Debt With Duty: The Rise Of Governance Standard For HVDLEs
- IJLLR Journal
- Jul 26
- 1 min read
Himanshu, School of Law, Bennett University
ABSTRACT
High-value debt-listed entities have emerged as a distinct regulatory division under SEBI’s framework to govern and enhance corporate governance and investor protection. The recent amendments by the SEBI have made multiple corporate governance regulations mandatory for HVDLE therefore aligning debt market norms and regulations with that of equity market. This article examines and analyses the evolution of the HVDLE regime and the key amendments such as the sunset clause, increasing threshold, appointment of independent directors, and constitution of various committees, made by SEBI and assesses its implication on the debt issuer and debt investors.
This article also explores how these amendments aim to strengthen the debt market in India by improving its corporate governance norms, providing flexibility to board directors by providing them with certain rights, and mitigating the risk of insolvency. It also highlights the transitional changes that arise with the amendment which include compliance costs of the entity, the assumption by the regulatory body SEBI that debt entities function in the same way as equity entities and much more.

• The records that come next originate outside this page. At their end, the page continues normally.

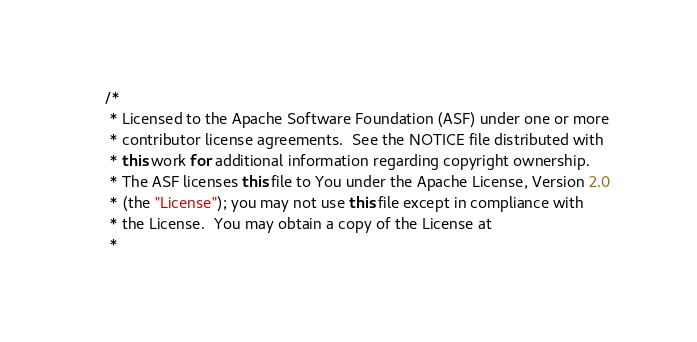Convert code to text. <code><loc_0><loc_0><loc_500><loc_500><_Java_>/*
 * Licensed to the Apache Software Foundation (ASF) under one or more
 * contributor license agreements.  See the NOTICE file distributed with
 * this work for additional information regarding copyright ownership.
 * The ASF licenses this file to You under the Apache License, Version 2.0
 * (the "License"); you may not use this file except in compliance with
 * the License.  You may obtain a copy of the License at
 *</code> 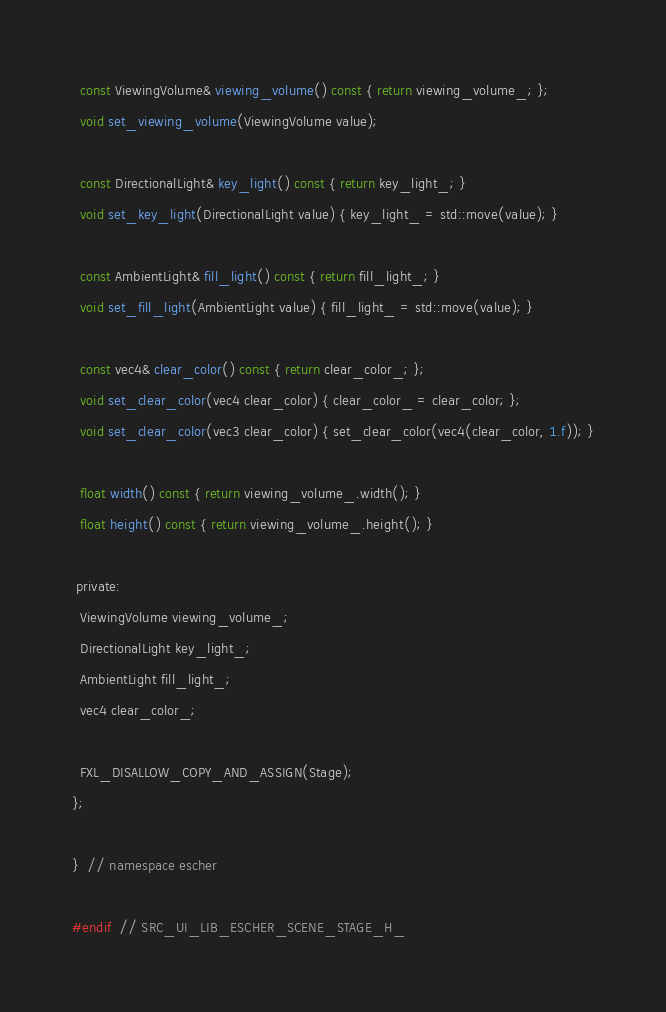<code> <loc_0><loc_0><loc_500><loc_500><_C_>
  const ViewingVolume& viewing_volume() const { return viewing_volume_; };
  void set_viewing_volume(ViewingVolume value);

  const DirectionalLight& key_light() const { return key_light_; }
  void set_key_light(DirectionalLight value) { key_light_ = std::move(value); }

  const AmbientLight& fill_light() const { return fill_light_; }
  void set_fill_light(AmbientLight value) { fill_light_ = std::move(value); }

  const vec4& clear_color() const { return clear_color_; };
  void set_clear_color(vec4 clear_color) { clear_color_ = clear_color; };
  void set_clear_color(vec3 clear_color) { set_clear_color(vec4(clear_color, 1.f)); }

  float width() const { return viewing_volume_.width(); }
  float height() const { return viewing_volume_.height(); }

 private:
  ViewingVolume viewing_volume_;
  DirectionalLight key_light_;
  AmbientLight fill_light_;
  vec4 clear_color_;

  FXL_DISALLOW_COPY_AND_ASSIGN(Stage);
};

}  // namespace escher

#endif  // SRC_UI_LIB_ESCHER_SCENE_STAGE_H_
</code> 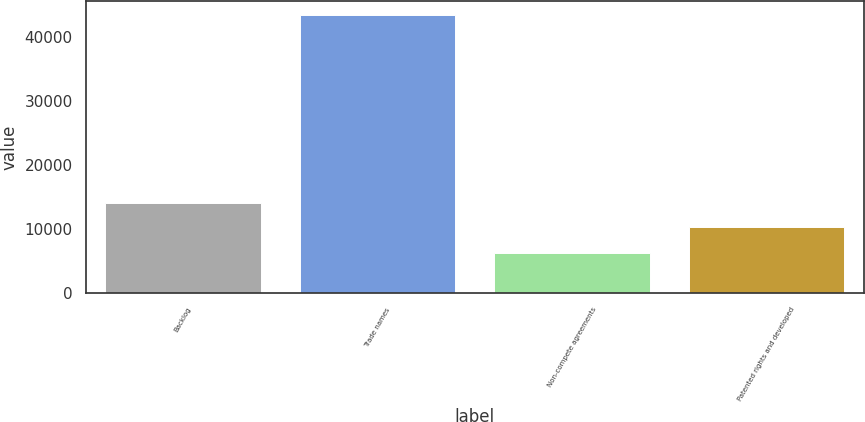Convert chart to OTSL. <chart><loc_0><loc_0><loc_500><loc_500><bar_chart><fcel>Backlog<fcel>Trade names<fcel>Non-compete agreements<fcel>Patented rights and developed<nl><fcel>14087.2<fcel>43386<fcel>6294<fcel>10378<nl></chart>

In conclusion, this article argues that while the regulatory changes brought in by SEBI may increase the burden for short-term entities in short term, these reforms are necessary to build an investor-friendly and sustainable debt market. A thoughtful implementation, consistent exchange of dialogues between issuers, and investors and periodic review of this regulation will be key to ensuring that handle reforms achieve their intended objective and not restrict legitimate debt-raising activities.